Потом, когда Гоцинского разбила Красная Армия, братья явились в село с покаянием. Они держали речь перед всем джамаатом, клялись, что ханские родственники удерживали их в банде насильно, говорили, что не хотят больше воевать, а хотят лишь одного — просто жить и трудиться на своей земле. Их родня так же торжественно клялась в этом на годекане, где важно восседали аксакалы, а вокруг них толпились мужчины всего села. Старцы благосклонно внимали словам спустившихся с гор бандитов.

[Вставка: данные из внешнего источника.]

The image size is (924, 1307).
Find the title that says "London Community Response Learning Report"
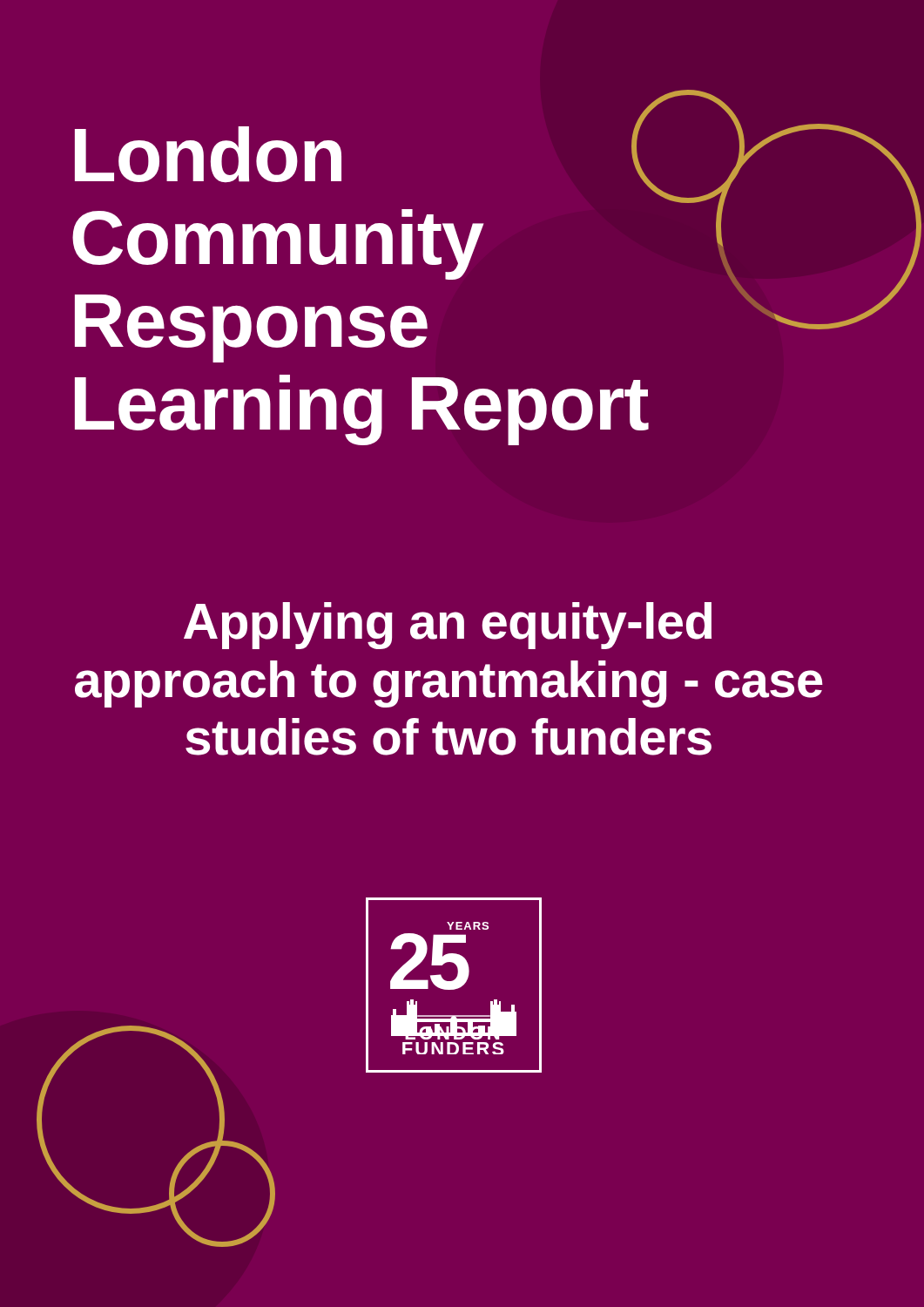tap(396, 279)

Полуживые, с неподвижно застывшими, обветренными лицами, с развевающимися на ветру длинными космами белых бород, молчаливо торжественные, они близоруко щурили выцветшие глаза и одобрительно качали головами.
Возмущённо, с гневом смотрел Чамсурбек на стариков. Как они могли поверить словам Омара и Магомед-Курбана?! Как можно было их прощать?! Ведь это же убийцы! Все их слова, клятвы, покаяния — ложь! Никто их насильно в банде не держал — за Гоцинского братья воевали по доброй воле. Он знал это абсолютно точно, от одного горца из соседнего села, который тоже был у Гоцинского, но затем явился к красным с повинной.
И эти убелённые сединами, важные старцы, которых он когда-то искренне почитал, казались ему теперь неправедными, бесчестными. Как и все эти обычаи, позволявшие оставлять преступления без наказания. Но что мог он им тогда возразить — семнадцатилетний горский парень, стоящий на годекане в задних рядах и тянувший шею из-за спин взрослых мужчин?! Им — уважаемым всеми аксакалам?!
Перед глазами Чамсурбека живо вставали обгорелые стены домов с провалившимися крышами, с зияющими смрадной чернотой окнами. Душу вновь обжигали дикие, затравленные взоры женщин из дальних горных аулов. И всплывал в памяти истерзанный труп русского красноармейца, найденный как-то на перевале.